Sugiyama A, Araki E, Arakawa K, Kikuchi H, Iwaki T, Yamada T, Kira J
Department of Neurology, Faculty of Medicine, Kyushu University.
Rinsho Shinkeigaku. 1998 Oct-Nov;38(10-11):941-4.
A 22-year-old female noted a low grade fever and swelling of the cervical lymph nodes in May 1997, and later developed a dry cough. She was diagnosed to have interstitial pneumonitis, and then administration of corticosteroids alleviated her symptoms. On February 6, 1998, however, a high fever recurred and her swollen cervical lymph node on the right side was biopsied on February 9, 1998. A histological examination revealed an increased number of histiocytes and karyorrhexis of the lymphocytes in the paracortical areas, and she was therefore diagnosed to have histiocytic necrotizing lymphadenitis. She could not fully elevate her arm on February 16, 1998. On admission, her cervical lymph node was swollen on the left side. A neurological examination revealed a marked weakness of the right deltoid muscle, moderate weakness of the right latissimus dorsi, triceps and brachioradialis muscles and also a mild weakness of the serratus anterior, supra- and infra-spinatus, and biceps brachii muscles. The muscle power of the other muscles were normal and no muscle atrophy was evident. Winging of the right scapula was observed. The deep tendon reflexes were normal in all four limbs, and her sensation was also normal. No cerebellar sign was found. The Jackson, Spurling, Allen, Morley and Adson tests were all negative. ESR was mildly elevated to 18 mm/hr, but CRP was negative. RF, ANA and anti-SS-A and SS-B antibodies were positive, whereas LE-test, direct and indirect Coombs tests and other autoantibodies were negative. Needle EMG disclosed fasciculation potentials in the right triceps muscle and polyphasic waves in the right deltoid muscle. MRI showed gadolinium-enhancement of the right brachial plexus. Although an abnormal accumulation of gallium was detected in the right parotid and bilateral submandibular glands, no sicca symptoms were found and the Schirmer test findings were normal. Oral prednisolone (50 mg/day with gradual tapering) alleviated both her symptoms and the gadolinium-enhancement of the right brachial plexus. As a result, her right upper limb paresis was thus considered to have been caused by right brachial plexus neuritis, which was probably associated with histocytic necrotizing lymphadentis. Although acute cerebellar ataxia and meningitis have previously been reported to be complicated with histiocytic necrotizing lymphadenitis, this is the first report to describe the complication of peripheral neuritis with this condition.

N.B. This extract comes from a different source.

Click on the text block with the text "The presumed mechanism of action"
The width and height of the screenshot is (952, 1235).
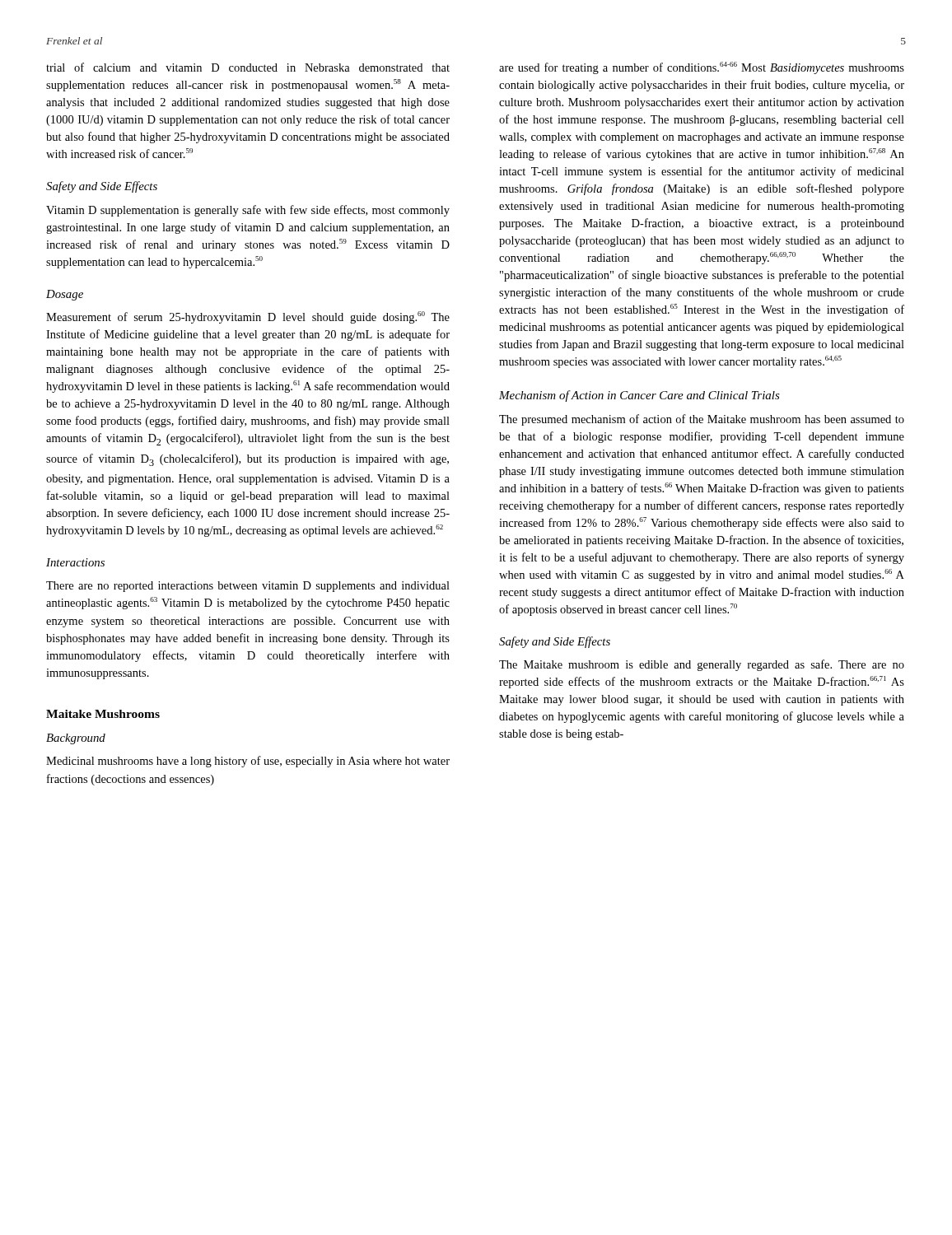702,514

一名22岁女性于1997年5月出现低热及颈部淋巴结肿大,随后出现干咳。她被诊断为间质性肺炎,使用皮质类固醇治疗后症状缓解。然而,1998年2月6日,她再次高热,右侧肿大的颈部淋巴结于1998年2月9日进行了活检。组织学检查显示副皮质区组织细胞数量增加,淋巴细胞核溶解,因此她被诊断为组织细胞坏死性淋巴结炎。1998年2月16日,她无法完全抬起手臂。入院时,她左侧颈部淋巴结肿大。神经系统检查发现右侧三角肌明显无力,右侧背阔肌、三头肌和肱桡肌中度无力,前锯肌、冈上肌、冈下肌和肱二头肌轻度无力。其他肌肉力量正常,无明显肌肉萎缩。观察到右侧肩胛骨翼状畸形。四肢的深腱反射正常,感觉也正常。未发现小脑体征。杰克逊、斯珀林、艾伦、莫利和阿德森试验均为阴性。血沉轻度升高至18mm/h,但CRP为阴性。类风湿因子、抗核抗体及抗SS - A和SS - B抗体阳性,而狼疮细胞试验、直接和间接库姆斯试验及其他自身抗体阴性。针电极肌电图显示右侧三头肌有束颤电位,右侧三角肌有多相波。MRI显示右侧臂丛神经钆增强。尽管在右侧腮腺和双侧颌下腺检测到镓异常聚集,但未发现干燥症状,泪液分泌试验结果正常。口服泼尼松龙(50mg/天,逐渐减量)缓解了她的症状及右侧臂丛神经的钆增强。因此,她的右上肢轻瘫被认为是由右侧臂丛神经炎引起的,可能与组织细胞坏死性淋巴结炎有关。尽管先前曾报道急性小脑共济失调和脑膜炎是组织细胞坏死性淋巴结炎的并发症,但这是首次报道该疾病并发周围神经炎。